Quelques extraits de l’essai de Bacevich.
«…That was theory. Reality, above all the two world wars of the last century, told a decidedly different story. Armed conflict in the industrial age reached new heights of lethality and destructiveness. Once begun, wars devoured everything, inflicting staggering material, psychological, and moral damage. Pain vastly exceeded gain. In that regard, the war of 1914-1918 became emblematic: even the winners ended up losers. When fighting eventually stopped, the victors were left not to celebrate but to mourn. As a consequence, well before Fukuyama penned his essay, faith in war’s problem-solving capacity had begun to erode. As early as 1945, among several great powers – thanks to war, now great in name only – that faith disappeared altogether.
»Among nations classified as liberal democracies, only two resisted this trend. One was the United States, the sole major belligerent to emerge from the Second World War stronger, richer, and more confident. The second was Israel, created as a direct consequence of the horrors unleashed by that cataclysm. By the 1950s, both countries subscribed to this common conviction: national security (and, arguably, national survival) demanded unambiguous military superiority. In the lexicon of American and Israeli politics, “peace” was a codeword. The essential prerequisite for peace was for any and all adversaries, real or potential, to accept a condition of permanent inferiority. In this regard, the two nations – not yet intimate allies – stood apart from the rest of the Western world.
»So even as they professed their devotion to peace, civilian and military elites in the United States and Israel prepared obsessively for war. They saw no contradiction between rhetoric and reality.

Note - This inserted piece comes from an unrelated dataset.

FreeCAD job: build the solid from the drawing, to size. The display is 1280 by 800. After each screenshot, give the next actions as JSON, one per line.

»Yet belief in the efficacy of military power almost inevitably breeds the temptation to put that power to work. “Peace through strength” easily enough becomes “peace through war.” Israel succumbed to this temptation in 1967. For Israelis, the Six Day War proved a turning point. Plucky David defeated, and then became, Goliath. Even as the United States was flailing about in Vietnam, Israel had evidently succeeded in definitively mastering war.
»A quarter-century later, U.S. forces seemingly caught up. In 1991, Operation Desert Storm, George H.W. Bush’s war against Iraqi dictator Saddam Hussein, showed that American troops like Israeli soldiers knew how to win quickly, cheaply, and humanely. Generals like H. Norman Schwarzkopf persuaded themselves that their brief desert campaign against Iraq had replicated – even eclipsed – the battlefield exploits of such famous Israeli warriors as Moshe Dayan and Yitzhak Rabin. Vietnam faded into irrelevance.
»For both Israel and the United States, however, appearances proved deceptive. Apart from fostering grand illusions, the splendid wars of 1967 and 1991 decided little. In both cases, victory turned out to be more apparent than real. Worse, triumphalism fostered massive future miscalculation. […]
»No one doubted that Israelis (regionally) and Americans (globally) enjoyed unquestioned military dominance. Throughout Israel’s near abroad, its tanks, fighter-bombers, and warships operated at will. So, too, did American tanks, fighter-bombers, and warships wherever they were sent.
»So what? Events made it increasingly evident that military dominance did not translate into concrete political advantage. Rather than enhancing the prospects for peace, coercion produced ever more complications. No matter how badly battered and beaten, the “terrorists” (a catch-all term applied to anyone resisting Israeli or American authority) weren’t intimidated, remained unrepentant, and kept coming back for more. […]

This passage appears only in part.